Lets start, this one will be about PWM generation using the hardware timers.
PWM stands for Pulse Width Modulation, what all this fancy words mean is that using a timer (or by software but that is not aborded in this tutorial) we control the time that our signal is HIGH and LOW, by doing this the average energy that is supplied to our target device can be controlled and this HIGH and LOW time is called duty cycle.

This means that we can control the brightness of an LED, mix colour when using RGB leds, control the speed of a dc motor, or even generate some audio. PWM signals are also used to control the so common servos that are used in so many robotics projects, and using a simple RC filter can be used as a limited analog signal, this can be used for example to generate sound or any other uses that you might come of.
In this image you can see what is the look of a PWM wave with three different duty cycle values:

In this tutorial I will write about two PWM modes that our micro-controller offers to us, one is the Fast PWM that can be generated in 8,9 or 10 bits, of course more than 8 bits resolution can only be achieved when using one 16bits timer, and I will also write about the phase correct PWM, this one is the mode that should be used when doing motor control to ensure that everything runs perfectly.

First lets see the Fast PWM. It is probably called fast because for me its the easiest mode to work with and it can work at higher frequencies than the phase correct mode, but it also as its short-comings, for example it shouldn’t be used as a PWM for motor control because it is phase incorrect, this image will enlighten you about the phase correctness problem:

The top two PWM signals are the output generated by the fast PWM mode and the two bottom ones are generated by the phase correct mode. The fast PWM HIGH part of the wave always start in the same place as you can see in the picture but the LOW part will end in an arbitrary place, that is defined by the duty cycle, this means that the center of the HIGH part of the wave will not be constant and that’s the main and key difference between the two modes and that’s why you shouldn’t use it in motor control.

The above image explains how the phase correct PWM mode works. In fast PWM the timer counts from BOTTOM to TOP and then starts over from BOTTOM again, but in phase correct mode, the timer counts up and down, and the output wave is generated comparing our desired duty cycle in both the up and down counts, instead of been compared only when the timer is counting up and then being reset at the overflow when the timer is operating in fast mode.
Overflow is the technical name that is used to said that the timer as hit TOP and as gone back to BOTTOM.

Lets start to code something to put into practice all this timers and PWM theory, in this first example I will show how to fade a led, in a smooth transition from off to on and then back to off and then repeating all that again.

#include <avr/io.h>

int main(void){

//Set led pin as output
//Configure timer

for(;;){
//Set new duty cycle value and delay a little bit
}

return 0;
}

For this example I will use the timer 0, because there is no need to use our only 16bits timer to simply fade a led, the first thing that we need to learn how to configure is the waveform generation modes, that are described for the timer in in page 109 of the Atmega328p datasheet.
The control bits described in that table can be found in two separate registers, the TCCR0A and TCCR0B and are called WGM02, WGM01 and WGM00:

To use fast pwm we have two modes to choose, mode 3 and mode 7, the main difference between this two modes is that in mode 3 TOP is fixed at 0xFF and in mode 7 TOP is defined by the TOP register, this means that if there is the need, we can change the maximum count that the timer will do until it overflows, so this means that we could control the frequency and the duty cycle, I never felt the need to do that, but if you want now you know that you can do it.
To use the mode 3, the WGM01 and WGM00 bits must be set to one, those bits can be found in the TCCR0A register.
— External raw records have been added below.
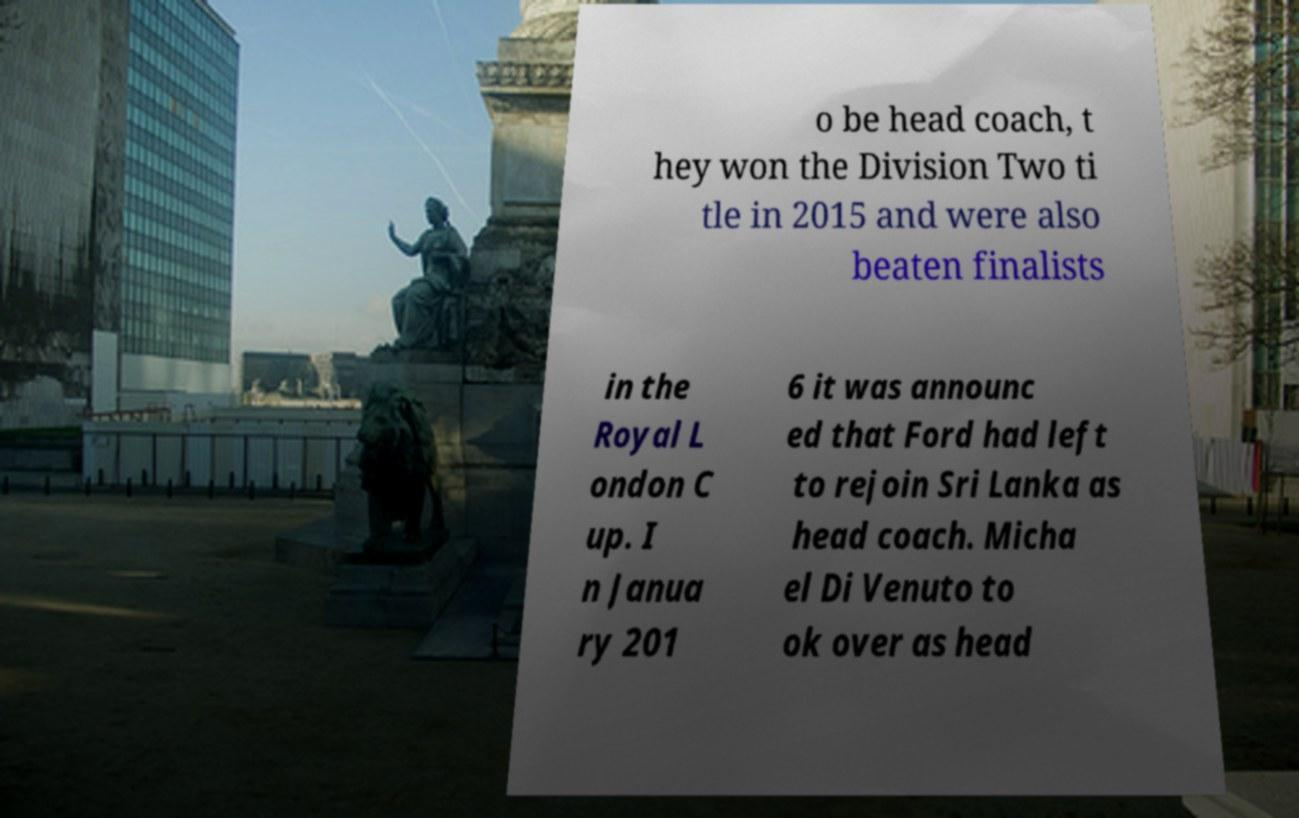I need the written content from this picture converted into text. Can you do that? o be head coach, t hey won the Division Two ti tle in 2015 and were also beaten finalists in the Royal L ondon C up. I n Janua ry 201 6 it was announc ed that Ford had left to rejoin Sri Lanka as head coach. Micha el Di Venuto to ok over as head 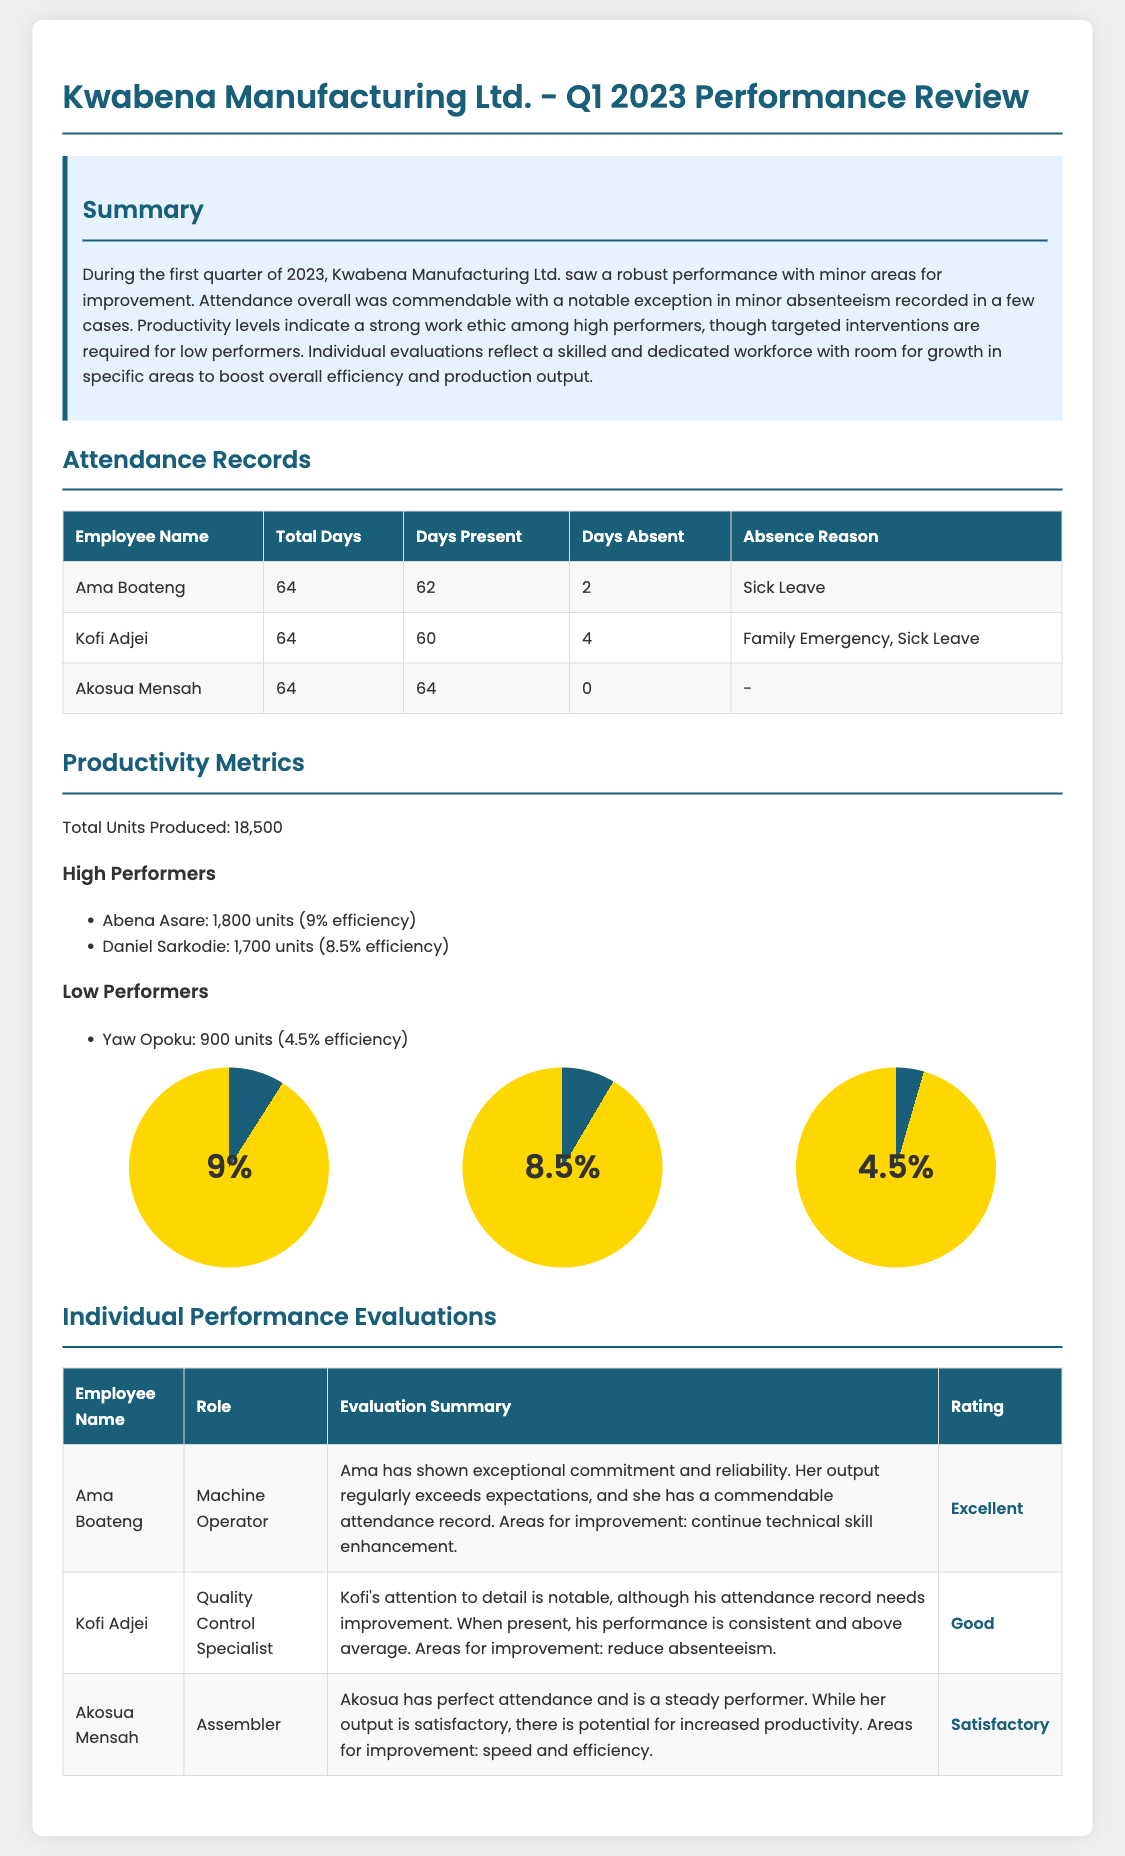What is the total number of days in Q1 2023? Q1 2023 consists of January, February, and March, which typically includes 64 working days.
Answer: 64 How many units did Abena Asare produce? Abena Asare is mentioned as a high performer with a production of 1,800 units.
Answer: 1,800 units What was Ama Boateng's attendance record? Ama Boateng had a total of 64 days, attended 62 days, and was absent for 2 days due to Sick Leave.
Answer: 62 days What rating did Akosua Mensah receive? Akosua Mensah's individual performance evaluation concludes with a rating described as "Satisfactory."
Answer: Satisfactory How many units were produced by low performer Yaw Opoku? The document indicates Yaw Opoku produced 900 units which categorize him as a low performer.
Answer: 900 units What was Kofi Adjei's primary area for improvement? Kofi Adjei's evaluation notes that he needs to reduce absenteeism as an area for improvement.
Answer: Reduce absenteeism What percentage efficiency is attributed to the best performer? The highest efficiency in the document is noted as 9% for Abena Asare.
Answer: 9% What is the total number of units produced overall? The document states that a total of 18,500 units were produced during the first quarter.
Answer: 18,500 units

The next thing that needs to be configured is the Compare Match Output A(B) Mode, this is what gives the pwm generation hardware the ability to control the output pins. For timer 0 the pwm pins are PD6 for the OC0A and PD5 for the OC0B.
For this particular example lets choose PD6 as the pin where we will connect our led, to have pwm behaviour in this pin we need to look to table 14-3 that can be found in page 106 to learn how to enable this particular behaviour (to simplify I will attach the table here):

Looking to that table we can see that our desired mode is number 3, so we must set both COM0A1 and COM0A0. The last thing that must be set is the prescaler that will provide the clock source to our timer, as usual this clock source should be chosen wisely and not at random, in page 103 of the datasheet is shown the formula that permits us to calculate what will be the pwm frequency when using the fast pwm.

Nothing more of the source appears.